The Court held a motion hearing via Zoom on August 18, 2022, at which counsel presented oral argument on the motion to compel. See Minute Entry, ECF 38. At the close of the hearing, the Court advised that it could not resolve the issue of contract formation on the record then before it. The Court therefore granted Defendants' request for a bench trial pursuant to 9 U.S.C. § 4, setting the matter for an in-person evidentiary hearing. See Order, ECF 40.

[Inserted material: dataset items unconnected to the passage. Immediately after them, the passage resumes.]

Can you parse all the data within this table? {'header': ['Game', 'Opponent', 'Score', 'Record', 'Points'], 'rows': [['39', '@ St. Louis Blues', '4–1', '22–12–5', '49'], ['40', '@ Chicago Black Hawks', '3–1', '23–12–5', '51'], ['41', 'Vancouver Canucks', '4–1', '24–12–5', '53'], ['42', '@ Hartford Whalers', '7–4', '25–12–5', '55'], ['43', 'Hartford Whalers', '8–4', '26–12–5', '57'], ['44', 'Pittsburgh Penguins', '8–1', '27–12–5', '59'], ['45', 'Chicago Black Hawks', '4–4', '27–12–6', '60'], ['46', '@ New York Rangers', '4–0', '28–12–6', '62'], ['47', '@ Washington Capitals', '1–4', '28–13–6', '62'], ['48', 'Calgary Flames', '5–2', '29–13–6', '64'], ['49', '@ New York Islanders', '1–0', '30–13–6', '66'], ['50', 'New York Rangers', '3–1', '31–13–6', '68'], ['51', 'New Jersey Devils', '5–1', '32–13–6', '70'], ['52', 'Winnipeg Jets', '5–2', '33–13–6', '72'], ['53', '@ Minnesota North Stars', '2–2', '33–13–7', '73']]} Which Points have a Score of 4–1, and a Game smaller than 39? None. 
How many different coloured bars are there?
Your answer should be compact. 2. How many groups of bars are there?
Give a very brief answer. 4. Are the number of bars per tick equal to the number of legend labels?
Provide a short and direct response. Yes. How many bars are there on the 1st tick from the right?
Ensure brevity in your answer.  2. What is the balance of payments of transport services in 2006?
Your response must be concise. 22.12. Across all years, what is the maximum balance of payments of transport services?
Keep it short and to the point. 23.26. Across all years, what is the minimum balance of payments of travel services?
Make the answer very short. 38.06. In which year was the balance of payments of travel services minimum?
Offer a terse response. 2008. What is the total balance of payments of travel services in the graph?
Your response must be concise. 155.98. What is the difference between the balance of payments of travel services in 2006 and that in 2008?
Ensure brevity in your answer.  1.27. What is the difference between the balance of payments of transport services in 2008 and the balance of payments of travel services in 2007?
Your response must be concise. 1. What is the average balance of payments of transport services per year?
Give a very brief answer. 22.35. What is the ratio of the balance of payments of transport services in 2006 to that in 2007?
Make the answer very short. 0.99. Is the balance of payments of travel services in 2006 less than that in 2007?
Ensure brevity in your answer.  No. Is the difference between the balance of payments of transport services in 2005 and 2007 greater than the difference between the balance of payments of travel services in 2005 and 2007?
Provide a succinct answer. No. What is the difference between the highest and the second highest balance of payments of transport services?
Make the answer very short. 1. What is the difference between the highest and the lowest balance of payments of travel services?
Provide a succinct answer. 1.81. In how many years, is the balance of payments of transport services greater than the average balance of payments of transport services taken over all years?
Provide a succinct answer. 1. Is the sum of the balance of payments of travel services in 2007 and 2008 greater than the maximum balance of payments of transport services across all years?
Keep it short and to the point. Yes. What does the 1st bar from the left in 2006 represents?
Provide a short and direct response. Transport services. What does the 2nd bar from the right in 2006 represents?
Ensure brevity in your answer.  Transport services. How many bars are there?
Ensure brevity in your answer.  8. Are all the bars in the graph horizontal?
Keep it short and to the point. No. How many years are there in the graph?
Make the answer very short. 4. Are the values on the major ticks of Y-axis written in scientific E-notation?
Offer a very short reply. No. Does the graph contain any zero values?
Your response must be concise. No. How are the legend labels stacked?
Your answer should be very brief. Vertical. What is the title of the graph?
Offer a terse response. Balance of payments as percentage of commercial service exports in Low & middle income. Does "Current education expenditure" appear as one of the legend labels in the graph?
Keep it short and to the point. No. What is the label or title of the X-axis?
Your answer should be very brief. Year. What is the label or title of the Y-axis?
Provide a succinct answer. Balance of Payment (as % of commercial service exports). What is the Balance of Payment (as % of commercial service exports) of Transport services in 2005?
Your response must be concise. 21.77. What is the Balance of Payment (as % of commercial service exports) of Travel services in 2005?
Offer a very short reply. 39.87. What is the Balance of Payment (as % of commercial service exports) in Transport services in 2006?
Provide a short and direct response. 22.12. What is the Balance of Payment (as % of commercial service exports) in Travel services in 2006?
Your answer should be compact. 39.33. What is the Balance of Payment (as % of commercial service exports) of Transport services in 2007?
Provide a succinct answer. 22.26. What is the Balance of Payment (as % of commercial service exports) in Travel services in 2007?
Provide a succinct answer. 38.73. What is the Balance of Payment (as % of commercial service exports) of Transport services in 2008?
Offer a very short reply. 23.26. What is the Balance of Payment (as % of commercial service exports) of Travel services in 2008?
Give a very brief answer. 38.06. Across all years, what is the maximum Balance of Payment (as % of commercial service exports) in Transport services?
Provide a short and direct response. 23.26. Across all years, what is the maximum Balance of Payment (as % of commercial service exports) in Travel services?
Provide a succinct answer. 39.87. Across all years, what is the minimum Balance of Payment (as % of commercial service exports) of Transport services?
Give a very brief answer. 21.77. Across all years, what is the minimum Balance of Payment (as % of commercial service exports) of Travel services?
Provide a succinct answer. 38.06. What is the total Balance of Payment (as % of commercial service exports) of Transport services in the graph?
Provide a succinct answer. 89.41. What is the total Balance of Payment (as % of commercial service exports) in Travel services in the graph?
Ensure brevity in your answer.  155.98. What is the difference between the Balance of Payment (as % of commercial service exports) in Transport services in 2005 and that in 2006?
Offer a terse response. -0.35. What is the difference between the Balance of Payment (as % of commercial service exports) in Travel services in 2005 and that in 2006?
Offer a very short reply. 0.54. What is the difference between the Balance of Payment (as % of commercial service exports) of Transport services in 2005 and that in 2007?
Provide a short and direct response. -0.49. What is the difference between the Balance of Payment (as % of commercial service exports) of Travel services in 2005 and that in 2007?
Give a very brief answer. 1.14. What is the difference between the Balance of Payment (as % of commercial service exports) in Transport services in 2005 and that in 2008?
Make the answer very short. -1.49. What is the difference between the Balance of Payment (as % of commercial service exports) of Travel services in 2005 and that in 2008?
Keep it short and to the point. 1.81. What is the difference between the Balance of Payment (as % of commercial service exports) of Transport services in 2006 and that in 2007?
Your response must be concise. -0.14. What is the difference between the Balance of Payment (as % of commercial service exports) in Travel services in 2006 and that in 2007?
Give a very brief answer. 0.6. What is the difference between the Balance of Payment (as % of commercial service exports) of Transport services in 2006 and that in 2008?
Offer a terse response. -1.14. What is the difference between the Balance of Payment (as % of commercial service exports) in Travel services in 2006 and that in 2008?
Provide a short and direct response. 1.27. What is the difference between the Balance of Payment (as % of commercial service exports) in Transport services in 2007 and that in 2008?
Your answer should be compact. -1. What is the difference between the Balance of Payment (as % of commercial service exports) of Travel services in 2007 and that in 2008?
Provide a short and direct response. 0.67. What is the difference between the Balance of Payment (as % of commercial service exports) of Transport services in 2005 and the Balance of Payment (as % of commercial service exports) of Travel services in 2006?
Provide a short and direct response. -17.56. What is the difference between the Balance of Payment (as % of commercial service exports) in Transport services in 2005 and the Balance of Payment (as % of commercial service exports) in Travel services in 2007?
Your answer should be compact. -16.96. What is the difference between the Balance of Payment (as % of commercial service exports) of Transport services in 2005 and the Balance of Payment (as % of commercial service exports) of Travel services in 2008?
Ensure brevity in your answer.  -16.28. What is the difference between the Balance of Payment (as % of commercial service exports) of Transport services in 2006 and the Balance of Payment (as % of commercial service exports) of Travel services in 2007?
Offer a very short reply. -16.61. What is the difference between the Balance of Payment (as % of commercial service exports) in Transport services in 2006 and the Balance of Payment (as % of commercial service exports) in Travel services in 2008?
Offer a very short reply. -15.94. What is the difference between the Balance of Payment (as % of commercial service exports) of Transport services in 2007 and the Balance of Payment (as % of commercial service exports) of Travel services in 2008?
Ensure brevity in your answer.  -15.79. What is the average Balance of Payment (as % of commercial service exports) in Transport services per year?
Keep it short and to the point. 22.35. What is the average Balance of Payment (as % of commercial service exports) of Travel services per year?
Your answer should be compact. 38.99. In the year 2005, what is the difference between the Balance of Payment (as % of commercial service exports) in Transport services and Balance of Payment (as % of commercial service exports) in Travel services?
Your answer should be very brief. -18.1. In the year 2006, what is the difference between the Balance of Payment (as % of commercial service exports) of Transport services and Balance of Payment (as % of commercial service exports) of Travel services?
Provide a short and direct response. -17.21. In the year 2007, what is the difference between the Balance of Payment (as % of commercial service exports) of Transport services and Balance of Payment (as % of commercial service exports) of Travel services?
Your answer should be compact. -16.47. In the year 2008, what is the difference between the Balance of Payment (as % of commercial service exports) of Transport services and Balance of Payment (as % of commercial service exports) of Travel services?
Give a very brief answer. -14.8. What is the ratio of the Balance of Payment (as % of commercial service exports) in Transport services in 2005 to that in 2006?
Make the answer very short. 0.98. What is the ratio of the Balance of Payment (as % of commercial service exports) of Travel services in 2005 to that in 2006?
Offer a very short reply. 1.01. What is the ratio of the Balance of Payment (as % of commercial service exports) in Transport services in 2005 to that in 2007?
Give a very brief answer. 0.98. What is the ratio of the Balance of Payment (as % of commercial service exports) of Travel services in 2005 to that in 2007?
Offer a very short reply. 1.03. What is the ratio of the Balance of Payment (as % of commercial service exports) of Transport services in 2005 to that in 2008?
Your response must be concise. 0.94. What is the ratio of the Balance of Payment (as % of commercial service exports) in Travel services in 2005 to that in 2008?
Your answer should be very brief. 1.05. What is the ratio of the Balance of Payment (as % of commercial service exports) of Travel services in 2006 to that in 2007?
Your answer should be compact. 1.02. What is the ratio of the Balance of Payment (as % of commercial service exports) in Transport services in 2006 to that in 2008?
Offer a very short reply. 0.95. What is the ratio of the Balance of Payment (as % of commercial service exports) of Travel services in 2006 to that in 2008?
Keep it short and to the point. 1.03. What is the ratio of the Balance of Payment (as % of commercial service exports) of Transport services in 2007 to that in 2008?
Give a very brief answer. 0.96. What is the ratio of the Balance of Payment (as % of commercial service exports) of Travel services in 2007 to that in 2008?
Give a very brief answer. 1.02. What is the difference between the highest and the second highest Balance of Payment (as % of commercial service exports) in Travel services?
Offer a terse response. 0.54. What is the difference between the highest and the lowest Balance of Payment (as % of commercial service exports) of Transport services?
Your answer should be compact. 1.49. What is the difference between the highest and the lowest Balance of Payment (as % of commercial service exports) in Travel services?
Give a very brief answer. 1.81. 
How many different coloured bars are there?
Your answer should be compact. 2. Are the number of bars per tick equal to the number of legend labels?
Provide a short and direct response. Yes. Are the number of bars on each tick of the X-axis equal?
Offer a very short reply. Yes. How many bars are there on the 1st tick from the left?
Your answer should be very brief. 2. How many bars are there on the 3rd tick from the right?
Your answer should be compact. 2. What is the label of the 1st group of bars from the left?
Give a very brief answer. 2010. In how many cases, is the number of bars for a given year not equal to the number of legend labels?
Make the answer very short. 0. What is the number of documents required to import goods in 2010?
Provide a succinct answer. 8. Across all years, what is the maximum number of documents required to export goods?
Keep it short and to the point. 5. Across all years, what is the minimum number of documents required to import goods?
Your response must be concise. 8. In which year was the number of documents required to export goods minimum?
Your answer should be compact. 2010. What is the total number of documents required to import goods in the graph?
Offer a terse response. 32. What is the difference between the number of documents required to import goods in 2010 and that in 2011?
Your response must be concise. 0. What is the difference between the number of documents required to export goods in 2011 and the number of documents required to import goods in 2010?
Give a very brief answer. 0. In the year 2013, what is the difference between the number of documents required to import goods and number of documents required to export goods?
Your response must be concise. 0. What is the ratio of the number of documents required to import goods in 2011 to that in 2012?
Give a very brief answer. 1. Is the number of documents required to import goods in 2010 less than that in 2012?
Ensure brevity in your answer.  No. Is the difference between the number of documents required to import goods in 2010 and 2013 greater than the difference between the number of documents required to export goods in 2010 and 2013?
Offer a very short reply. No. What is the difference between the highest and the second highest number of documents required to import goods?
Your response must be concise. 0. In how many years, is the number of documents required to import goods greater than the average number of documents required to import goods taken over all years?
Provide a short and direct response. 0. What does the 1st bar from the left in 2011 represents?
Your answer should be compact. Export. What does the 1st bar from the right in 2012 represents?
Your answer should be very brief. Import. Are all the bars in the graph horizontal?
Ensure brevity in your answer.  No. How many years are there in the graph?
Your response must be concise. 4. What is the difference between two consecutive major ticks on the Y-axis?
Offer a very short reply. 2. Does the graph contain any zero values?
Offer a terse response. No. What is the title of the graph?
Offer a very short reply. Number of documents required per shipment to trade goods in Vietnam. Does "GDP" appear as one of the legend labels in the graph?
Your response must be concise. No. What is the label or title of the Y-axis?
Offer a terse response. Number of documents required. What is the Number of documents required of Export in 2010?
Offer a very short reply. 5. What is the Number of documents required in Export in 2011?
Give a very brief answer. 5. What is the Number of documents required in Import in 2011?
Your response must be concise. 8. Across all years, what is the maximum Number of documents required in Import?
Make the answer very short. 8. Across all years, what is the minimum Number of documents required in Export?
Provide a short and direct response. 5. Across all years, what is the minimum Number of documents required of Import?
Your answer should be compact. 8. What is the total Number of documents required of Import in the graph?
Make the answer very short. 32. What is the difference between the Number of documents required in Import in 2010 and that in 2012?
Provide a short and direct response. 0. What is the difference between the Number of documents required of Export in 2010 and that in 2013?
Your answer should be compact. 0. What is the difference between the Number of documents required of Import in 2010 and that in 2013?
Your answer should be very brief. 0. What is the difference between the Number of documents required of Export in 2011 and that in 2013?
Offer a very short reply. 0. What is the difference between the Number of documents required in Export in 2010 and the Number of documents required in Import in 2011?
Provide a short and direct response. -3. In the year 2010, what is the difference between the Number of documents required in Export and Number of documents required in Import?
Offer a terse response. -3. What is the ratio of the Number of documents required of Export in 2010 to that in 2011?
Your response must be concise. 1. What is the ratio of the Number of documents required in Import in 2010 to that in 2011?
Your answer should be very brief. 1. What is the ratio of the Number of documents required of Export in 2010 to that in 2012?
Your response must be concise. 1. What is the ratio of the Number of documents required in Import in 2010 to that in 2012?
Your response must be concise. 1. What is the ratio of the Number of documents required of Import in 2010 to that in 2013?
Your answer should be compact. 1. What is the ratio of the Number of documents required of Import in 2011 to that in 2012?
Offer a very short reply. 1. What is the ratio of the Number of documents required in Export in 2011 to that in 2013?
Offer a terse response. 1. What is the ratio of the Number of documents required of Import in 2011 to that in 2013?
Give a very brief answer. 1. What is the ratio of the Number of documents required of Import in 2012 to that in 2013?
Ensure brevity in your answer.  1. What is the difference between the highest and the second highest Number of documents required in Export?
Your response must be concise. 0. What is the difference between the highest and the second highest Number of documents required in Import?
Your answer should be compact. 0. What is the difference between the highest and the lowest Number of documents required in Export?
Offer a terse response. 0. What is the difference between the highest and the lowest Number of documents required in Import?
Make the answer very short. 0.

A three-hour bench trial/evidentiary hearing was held on November 2, 2022. See Minute Entry, ECF 48. The Court heard testimony from four witnesses: Plaintiff Susan Byrne; Jessica Gralak, Defendant Heartland's Learning Management System Administrator; Bob Moser, Defendant Heartland's Director of IT; and Mark Martins, Plaintiff Byrne's expert in the field of digital data. The Court also admitted a number of exhibits into evidence at the request of the parties.

II. LEGAL STANDARD

Under the Federal Arbitration Act (“FAA”), “[a] party aggrieved by the alleged failure, neglect, or refusal of another to arbitrate under a written agreement for arbitration may petition . . . for an order directing that such arbitration proceed in the manner provided for in such agreement.” 9 U.S.C. § 4. “If the making of the arbitration agreement . . . be in issue, the court shall proceed summarily to the trial thereof.” Id. “To implement this language, once a district court concludes that there are genuine disputes of material fact as to whether the parties formed an arbitration agreement, the court must proceed without delay to a trial on arbitrability and hold any motion to compel arbitration in abeyance until the factual issues have been resolved.” Hansen v. LMB Mortg. Servs., Inc., 1 F.4th 667, 672 (9th Cir. 2021).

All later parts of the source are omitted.